Documented in hessBootstrap ptrend trend

##' The function estimates a trend from count survey data.
##' 
##' The function estimates smooth or loglinear population trends, or indexes from simple design count survey data. 
##' It is essentially a wrapper around a call to \code{\link[mgcv]{gam}}, processing its output using \code{\link[mgcv]{predict.gam}}
##' to produce a trend estimate.
##' For smooth trends, cubic regression splines for the temporal variable are set up by the term \code{s(var, k = k, fx = fx , bs = "cr")}
##' where \code{var} is the first argument to \code{\link[poptrend]{trend}} in the formula.
##' For loglinear trends, the identity of \code{var} is used, and for index models a factor variable is constructed from \code{var}.
##'
##' Temporal random effects are set up by converting the temporal variable supplied to \code{\link{trend}} to a factor variable
##' and adding this factor variable to the data supplied to \code{\link[mgcv]{gam}}.
##' 
##' Bootstrap confidence intervals are computed by drawing normally distributed random variable with means equal to the
##' estimated coefficients and covariance matrix equal to the Bayesian posterior covariance matrix (see \link[mgcv]{vcov.gam}). 
##' 
##' @title Fit a smooth or linear trend to count survey data.
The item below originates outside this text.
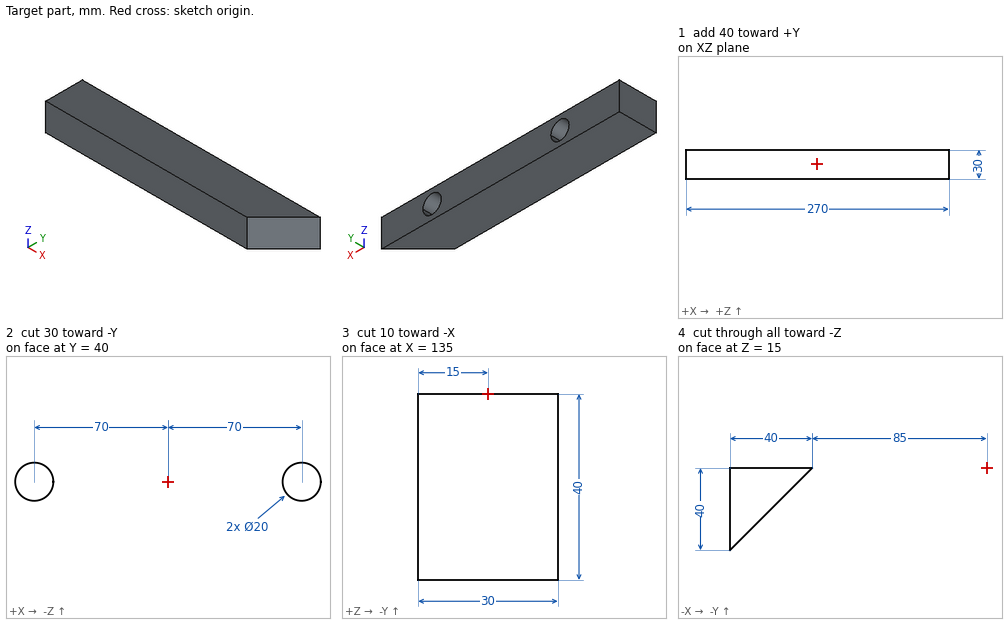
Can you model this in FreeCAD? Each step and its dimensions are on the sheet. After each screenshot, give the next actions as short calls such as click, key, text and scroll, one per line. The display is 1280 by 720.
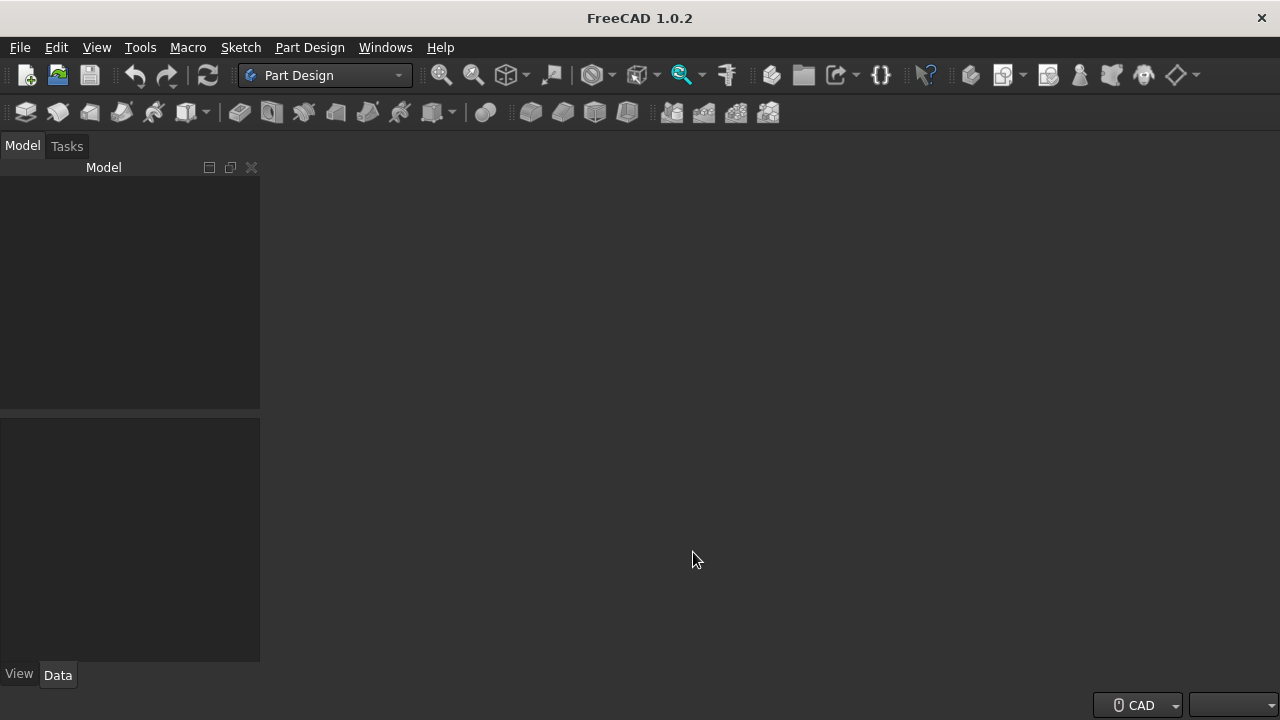
click(26, 76)

##' @param formula A trend formula. This is a GAM formula with an extra term \code{\link[poptrend]{trend}} describing the 
##'                time variable and properties of the trend. All terms except the trend term are treated as covariates. 
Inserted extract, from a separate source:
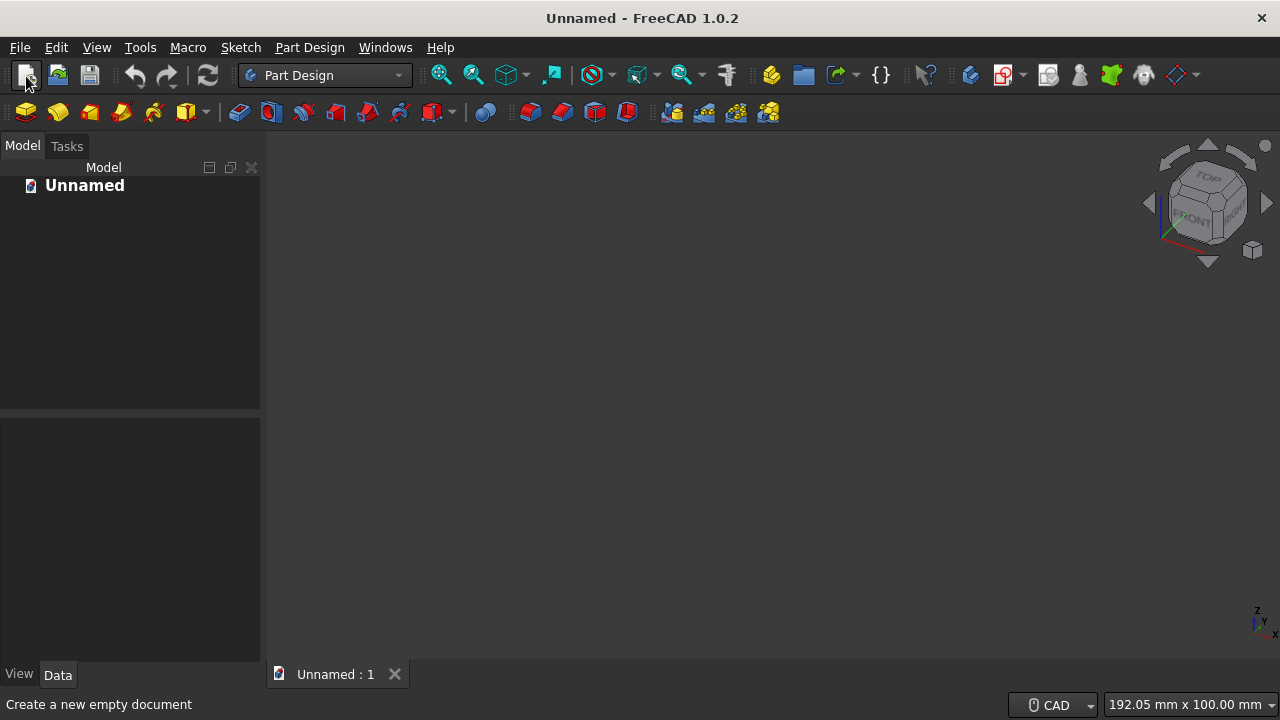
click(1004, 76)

##'                Effect of temporal variation in these covariates are not included in the calculation of the trend. 
##' @param data A data frame containing response variables and covariates.
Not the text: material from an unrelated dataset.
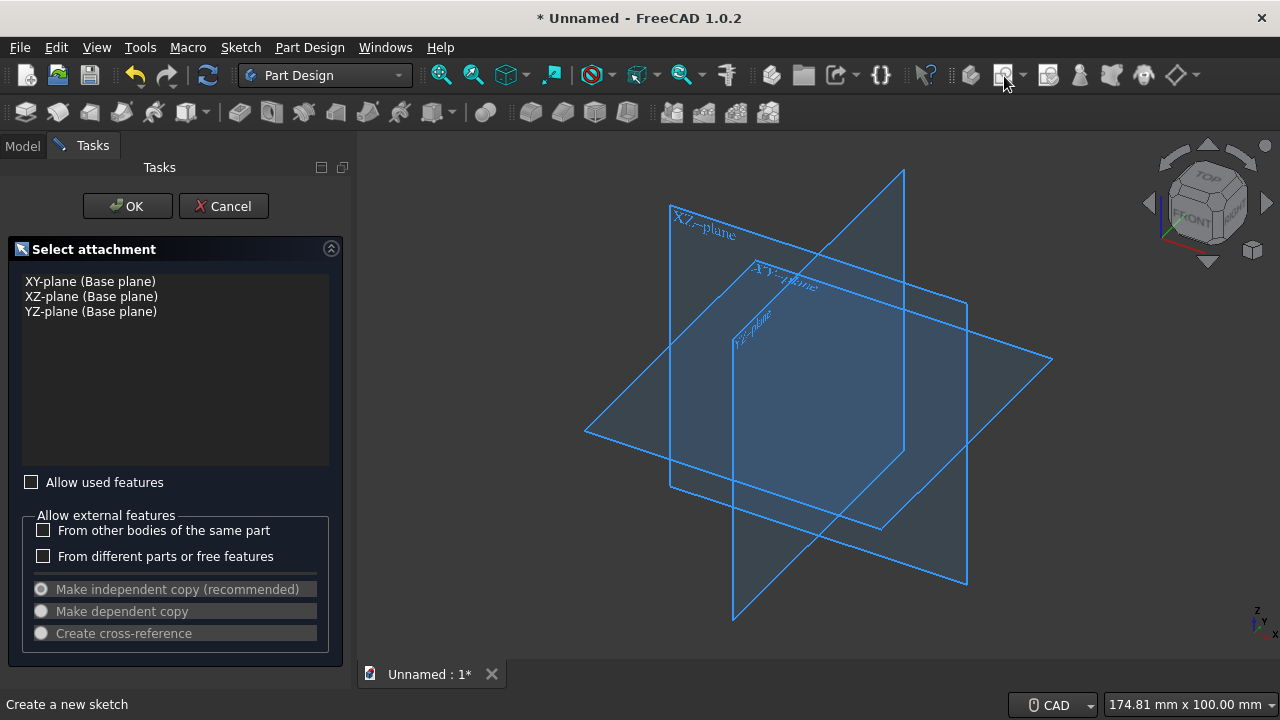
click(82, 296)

##' @param family The distributional family of the response. The family most use a log-link, it defaults to a quasi-Poisson.
##' @param nGrid The number of grid points over which to compute the trend.
##'                  If the length of the argument is one, an equally spaced grid over the survey period of length nGrid is set up.
##'                  nGrid can also be a vector of length 3, in which case the first element is the number of grid points and the
##'                  second and third elements give, respectively, the start and endpoints of the grid.
##' @param nBoot The number of bootstrap samples to draw. 
##' @param bootType Only one method, "hessian", currently implemented. Type "hessian", draws bootstrap samples using the Bayesian
##'                 covariance matrix of the parameters (see \code{\link[mgcv]{vcov.gam}}).
##' @param gamModel If true, the fit of the underlying gam model is saved in the output. May be set to FALSE to save memory,
##'                 but with the side effect that the fit of the gam model cannot be checked.
##' @param engine   If 'gam', the default, model fitting is done via \code{\link[mgcv]{gam}}. If 'bam', model fitting is done via 
##'                 \code{\link[mgcv]{bam}}, which is less memory hungry and can be faster for large data sets.          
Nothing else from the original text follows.